Agreed. I’d say with open source it is harder to ‘get away’ with malicious features, since the code is out in the open. I guess if authors were to put those features, open nature of their code also serves as a bit of a deterrent sice there is a much bigger possibility of people finding out compared to closed source. However as you said it is not impossible, especially since not many people look through the code of everything they run. And even then it is not impossible to obfuscate it well enough for it not to be spotted on casual read-through.
Comment on Is Foss really safe?
Whirlybird@aussie.zone 11 months ago
No, open source code is no safer than closed source code by default. What it does is gives the opportunity for people to verify that it’s safe, but it doesn’t mean it is safe. Also just because some people have “verified” that it is safe doesn’t mean they didn’t just miss the vulnerabilities or nasty code.
GlowHuddy@lemmy.world 11 months ago
RightHandOfIkaros@lemmy.world 11 months ago
Accounts that post “verifying code” can also be sock puppet accounts, so it is always good to double check for yourself if you know the programming language, or check the account history to see if they have verified other software from different writers that aren’t all connected to each other. Nothing sketchier than a verification ring, where accounts all verify for each other.

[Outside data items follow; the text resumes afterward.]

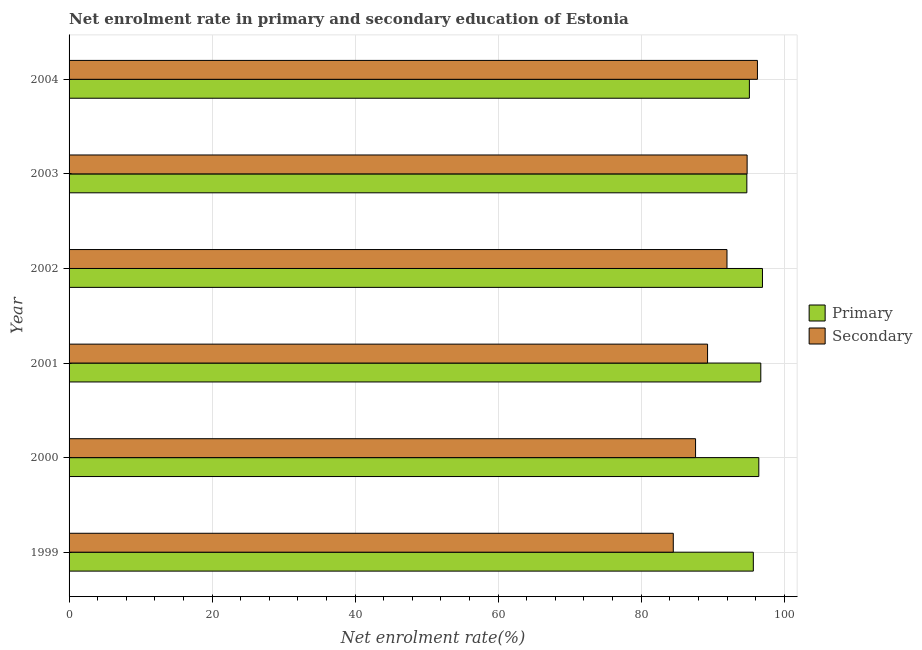Are the number of bars per tick equal to the number of legend labels?
Your answer should be compact. Yes. Are the number of bars on each tick of the Y-axis equal?
Keep it short and to the point. Yes. How many bars are there on the 3rd tick from the bottom?
Provide a short and direct response. 2. In how many cases, is the number of bars for a given year not equal to the number of legend labels?
Offer a terse response. 0. What is the enrollment rate in primary education in 2004?
Your response must be concise. 95.13. Across all years, what is the maximum enrollment rate in primary education?
Your answer should be very brief. 96.96. Across all years, what is the minimum enrollment rate in secondary education?
Provide a short and direct response. 84.49. In which year was the enrollment rate in secondary education maximum?
Your response must be concise. 2004. In which year was the enrollment rate in secondary education minimum?
Keep it short and to the point. 1999. What is the total enrollment rate in secondary education in the graph?
Offer a very short reply. 544.44. What is the difference between the enrollment rate in secondary education in 2002 and that in 2003?
Your response must be concise. -2.82. What is the difference between the enrollment rate in primary education in 2000 and the enrollment rate in secondary education in 2001?
Offer a very short reply. 7.17. What is the average enrollment rate in primary education per year?
Your answer should be compact. 95.95. In the year 1999, what is the difference between the enrollment rate in secondary education and enrollment rate in primary education?
Provide a short and direct response. -11.19. In how many years, is the enrollment rate in secondary education greater than 20 %?
Offer a very short reply. 6. What is the ratio of the enrollment rate in primary education in 1999 to that in 2003?
Give a very brief answer. 1.01. Is the enrollment rate in secondary education in 2001 less than that in 2004?
Your answer should be compact. Yes. What is the difference between the highest and the second highest enrollment rate in primary education?
Offer a terse response. 0.23. What is the difference between the highest and the lowest enrollment rate in secondary education?
Your response must be concise. 11.77. In how many years, is the enrollment rate in primary education greater than the average enrollment rate in primary education taken over all years?
Give a very brief answer. 3. Is the sum of the enrollment rate in primary education in 2000 and 2004 greater than the maximum enrollment rate in secondary education across all years?
Provide a succinct answer. Yes. What does the 2nd bar from the top in 2000 represents?
Offer a terse response. Primary. What does the 1st bar from the bottom in 2001 represents?
Your answer should be very brief. Primary. How many bars are there?
Your response must be concise. 12. How many legend labels are there?
Ensure brevity in your answer.  2. What is the title of the graph?
Offer a terse response. Net enrolment rate in primary and secondary education of Estonia. Does "Total Population" appear as one of the legend labels in the graph?
Ensure brevity in your answer.  No. What is the label or title of the X-axis?
Your answer should be compact. Net enrolment rate(%). What is the label or title of the Y-axis?
Your answer should be compact. Year. What is the Net enrolment rate(%) of Primary in 1999?
Ensure brevity in your answer.  95.68. What is the Net enrolment rate(%) in Secondary in 1999?
Your response must be concise. 84.49. What is the Net enrolment rate(%) in Primary in 2000?
Keep it short and to the point. 96.45. What is the Net enrolment rate(%) in Secondary in 2000?
Your answer should be very brief. 87.6. What is the Net enrolment rate(%) in Primary in 2001?
Offer a terse response. 96.73. What is the Net enrolment rate(%) in Secondary in 2001?
Your response must be concise. 89.28. What is the Net enrolment rate(%) of Primary in 2002?
Give a very brief answer. 96.96. What is the Net enrolment rate(%) in Secondary in 2002?
Make the answer very short. 92. What is the Net enrolment rate(%) of Primary in 2003?
Give a very brief answer. 94.77. What is the Net enrolment rate(%) of Secondary in 2003?
Offer a terse response. 94.81. What is the Net enrolment rate(%) of Primary in 2004?
Your answer should be very brief. 95.13. What is the Net enrolment rate(%) of Secondary in 2004?
Ensure brevity in your answer.  96.26. Across all years, what is the maximum Net enrolment rate(%) of Primary?
Give a very brief answer. 96.96. Across all years, what is the maximum Net enrolment rate(%) of Secondary?
Provide a short and direct response. 96.26. Across all years, what is the minimum Net enrolment rate(%) of Primary?
Your response must be concise. 94.77. Across all years, what is the minimum Net enrolment rate(%) of Secondary?
Give a very brief answer. 84.49. What is the total Net enrolment rate(%) of Primary in the graph?
Ensure brevity in your answer.  575.72. What is the total Net enrolment rate(%) of Secondary in the graph?
Offer a terse response. 544.44. What is the difference between the Net enrolment rate(%) of Primary in 1999 and that in 2000?
Offer a very short reply. -0.77. What is the difference between the Net enrolment rate(%) in Secondary in 1999 and that in 2000?
Keep it short and to the point. -3.11. What is the difference between the Net enrolment rate(%) in Primary in 1999 and that in 2001?
Ensure brevity in your answer.  -1.05. What is the difference between the Net enrolment rate(%) of Secondary in 1999 and that in 2001?
Provide a short and direct response. -4.79. What is the difference between the Net enrolment rate(%) of Primary in 1999 and that in 2002?
Keep it short and to the point. -1.28. What is the difference between the Net enrolment rate(%) of Secondary in 1999 and that in 2002?
Offer a terse response. -7.51. What is the difference between the Net enrolment rate(%) in Primary in 1999 and that in 2003?
Keep it short and to the point. 0.91. What is the difference between the Net enrolment rate(%) of Secondary in 1999 and that in 2003?
Provide a short and direct response. -10.32. What is the difference between the Net enrolment rate(%) in Primary in 1999 and that in 2004?
Offer a very short reply. 0.55. What is the difference between the Net enrolment rate(%) in Secondary in 1999 and that in 2004?
Make the answer very short. -11.77. What is the difference between the Net enrolment rate(%) in Primary in 2000 and that in 2001?
Offer a very short reply. -0.28. What is the difference between the Net enrolment rate(%) in Secondary in 2000 and that in 2001?
Keep it short and to the point. -1.68. What is the difference between the Net enrolment rate(%) of Primary in 2000 and that in 2002?
Your response must be concise. -0.51. What is the difference between the Net enrolment rate(%) in Secondary in 2000 and that in 2002?
Provide a short and direct response. -4.39. What is the difference between the Net enrolment rate(%) in Primary in 2000 and that in 2003?
Your answer should be very brief. 1.67. What is the difference between the Net enrolment rate(%) of Secondary in 2000 and that in 2003?
Your response must be concise. -7.21. What is the difference between the Net enrolment rate(%) of Primary in 2000 and that in 2004?
Provide a succinct answer. 1.32. What is the difference between the Net enrolment rate(%) of Secondary in 2000 and that in 2004?
Make the answer very short. -8.65. What is the difference between the Net enrolment rate(%) of Primary in 2001 and that in 2002?
Your answer should be compact. -0.23. What is the difference between the Net enrolment rate(%) of Secondary in 2001 and that in 2002?
Your response must be concise. -2.71. What is the difference between the Net enrolment rate(%) of Primary in 2001 and that in 2003?
Make the answer very short. 1.95. What is the difference between the Net enrolment rate(%) in Secondary in 2001 and that in 2003?
Your answer should be compact. -5.53. What is the difference between the Net enrolment rate(%) of Primary in 2001 and that in 2004?
Your answer should be compact. 1.6. What is the difference between the Net enrolment rate(%) of Secondary in 2001 and that in 2004?
Keep it short and to the point. -6.97. What is the difference between the Net enrolment rate(%) in Primary in 2002 and that in 2003?
Offer a very short reply. 2.18. What is the difference between the Net enrolment rate(%) in Secondary in 2002 and that in 2003?
Give a very brief answer. -2.82. What is the difference between the Net enrolment rate(%) in Primary in 2002 and that in 2004?
Ensure brevity in your answer.  1.83. What is the difference between the Net enrolment rate(%) of Secondary in 2002 and that in 2004?
Make the answer very short. -4.26. What is the difference between the Net enrolment rate(%) of Primary in 2003 and that in 2004?
Ensure brevity in your answer.  -0.36. What is the difference between the Net enrolment rate(%) of Secondary in 2003 and that in 2004?
Your response must be concise. -1.44. What is the difference between the Net enrolment rate(%) of Primary in 1999 and the Net enrolment rate(%) of Secondary in 2000?
Provide a succinct answer. 8.08. What is the difference between the Net enrolment rate(%) of Primary in 1999 and the Net enrolment rate(%) of Secondary in 2001?
Keep it short and to the point. 6.4. What is the difference between the Net enrolment rate(%) in Primary in 1999 and the Net enrolment rate(%) in Secondary in 2002?
Offer a very short reply. 3.68. What is the difference between the Net enrolment rate(%) of Primary in 1999 and the Net enrolment rate(%) of Secondary in 2003?
Provide a short and direct response. 0.87. What is the difference between the Net enrolment rate(%) in Primary in 1999 and the Net enrolment rate(%) in Secondary in 2004?
Provide a succinct answer. -0.58. What is the difference between the Net enrolment rate(%) in Primary in 2000 and the Net enrolment rate(%) in Secondary in 2001?
Offer a terse response. 7.17. What is the difference between the Net enrolment rate(%) in Primary in 2000 and the Net enrolment rate(%) in Secondary in 2002?
Offer a terse response. 4.45. What is the difference between the Net enrolment rate(%) in Primary in 2000 and the Net enrolment rate(%) in Secondary in 2003?
Your response must be concise. 1.63. What is the difference between the Net enrolment rate(%) in Primary in 2000 and the Net enrolment rate(%) in Secondary in 2004?
Your answer should be compact. 0.19. What is the difference between the Net enrolment rate(%) in Primary in 2001 and the Net enrolment rate(%) in Secondary in 2002?
Provide a succinct answer. 4.73. What is the difference between the Net enrolment rate(%) of Primary in 2001 and the Net enrolment rate(%) of Secondary in 2003?
Provide a succinct answer. 1.91. What is the difference between the Net enrolment rate(%) in Primary in 2001 and the Net enrolment rate(%) in Secondary in 2004?
Provide a short and direct response. 0.47. What is the difference between the Net enrolment rate(%) of Primary in 2002 and the Net enrolment rate(%) of Secondary in 2003?
Keep it short and to the point. 2.15. What is the difference between the Net enrolment rate(%) in Primary in 2002 and the Net enrolment rate(%) in Secondary in 2004?
Ensure brevity in your answer.  0.7. What is the difference between the Net enrolment rate(%) in Primary in 2003 and the Net enrolment rate(%) in Secondary in 2004?
Ensure brevity in your answer.  -1.48. What is the average Net enrolment rate(%) of Primary per year?
Your answer should be very brief. 95.95. What is the average Net enrolment rate(%) in Secondary per year?
Offer a very short reply. 90.74. In the year 1999, what is the difference between the Net enrolment rate(%) in Primary and Net enrolment rate(%) in Secondary?
Offer a terse response. 11.19. In the year 2000, what is the difference between the Net enrolment rate(%) in Primary and Net enrolment rate(%) in Secondary?
Provide a succinct answer. 8.85. In the year 2001, what is the difference between the Net enrolment rate(%) in Primary and Net enrolment rate(%) in Secondary?
Your answer should be compact. 7.44. In the year 2002, what is the difference between the Net enrolment rate(%) in Primary and Net enrolment rate(%) in Secondary?
Offer a terse response. 4.96. In the year 2003, what is the difference between the Net enrolment rate(%) of Primary and Net enrolment rate(%) of Secondary?
Your answer should be very brief. -0.04. In the year 2004, what is the difference between the Net enrolment rate(%) of Primary and Net enrolment rate(%) of Secondary?
Offer a very short reply. -1.13. What is the ratio of the Net enrolment rate(%) of Secondary in 1999 to that in 2000?
Give a very brief answer. 0.96. What is the ratio of the Net enrolment rate(%) of Secondary in 1999 to that in 2001?
Provide a succinct answer. 0.95. What is the ratio of the Net enrolment rate(%) in Primary in 1999 to that in 2002?
Provide a succinct answer. 0.99. What is the ratio of the Net enrolment rate(%) in Secondary in 1999 to that in 2002?
Your answer should be compact. 0.92. What is the ratio of the Net enrolment rate(%) in Primary in 1999 to that in 2003?
Provide a short and direct response. 1.01. What is the ratio of the Net enrolment rate(%) in Secondary in 1999 to that in 2003?
Offer a terse response. 0.89. What is the ratio of the Net enrolment rate(%) of Primary in 1999 to that in 2004?
Provide a succinct answer. 1.01. What is the ratio of the Net enrolment rate(%) of Secondary in 1999 to that in 2004?
Provide a short and direct response. 0.88. What is the ratio of the Net enrolment rate(%) in Primary in 2000 to that in 2001?
Your response must be concise. 1. What is the ratio of the Net enrolment rate(%) of Secondary in 2000 to that in 2001?
Your answer should be compact. 0.98. What is the ratio of the Net enrolment rate(%) of Primary in 2000 to that in 2002?
Your response must be concise. 0.99. What is the ratio of the Net enrolment rate(%) in Secondary in 2000 to that in 2002?
Offer a terse response. 0.95. What is the ratio of the Net enrolment rate(%) of Primary in 2000 to that in 2003?
Provide a short and direct response. 1.02. What is the ratio of the Net enrolment rate(%) of Secondary in 2000 to that in 2003?
Your answer should be very brief. 0.92. What is the ratio of the Net enrolment rate(%) of Primary in 2000 to that in 2004?
Give a very brief answer. 1.01. What is the ratio of the Net enrolment rate(%) in Secondary in 2000 to that in 2004?
Ensure brevity in your answer.  0.91. What is the ratio of the Net enrolment rate(%) in Secondary in 2001 to that in 2002?
Ensure brevity in your answer.  0.97. What is the ratio of the Net enrolment rate(%) of Primary in 2001 to that in 2003?
Provide a succinct answer. 1.02. What is the ratio of the Net enrolment rate(%) in Secondary in 2001 to that in 2003?
Provide a succinct answer. 0.94. What is the ratio of the Net enrolment rate(%) of Primary in 2001 to that in 2004?
Ensure brevity in your answer.  1.02. What is the ratio of the Net enrolment rate(%) in Secondary in 2001 to that in 2004?
Provide a succinct answer. 0.93. What is the ratio of the Net enrolment rate(%) in Secondary in 2002 to that in 2003?
Provide a short and direct response. 0.97. What is the ratio of the Net enrolment rate(%) of Primary in 2002 to that in 2004?
Offer a very short reply. 1.02. What is the ratio of the Net enrolment rate(%) of Secondary in 2002 to that in 2004?
Offer a terse response. 0.96. What is the ratio of the Net enrolment rate(%) of Primary in 2003 to that in 2004?
Your answer should be compact. 1. What is the difference between the highest and the second highest Net enrolment rate(%) in Primary?
Keep it short and to the point. 0.23. What is the difference between the highest and the second highest Net enrolment rate(%) in Secondary?
Ensure brevity in your answer.  1.44. What is the difference between the highest and the lowest Net enrolment rate(%) of Primary?
Your response must be concise. 2.18. What is the difference between the highest and the lowest Net enrolment rate(%) of Secondary?
Offer a terse response. 11.77.

pjhenry1216@kbin.social 11 months ago
This is only an issue if it's only been reviewed by one or two coders with zero history on the repo's host. This is rare for anything that is remotely popular.
1847953620@lemmy.world 11 months ago
Software companies are not known for their accountability over hacky code though, foss leads to better quality because it solves the accountability conflict of interest in an efficient way.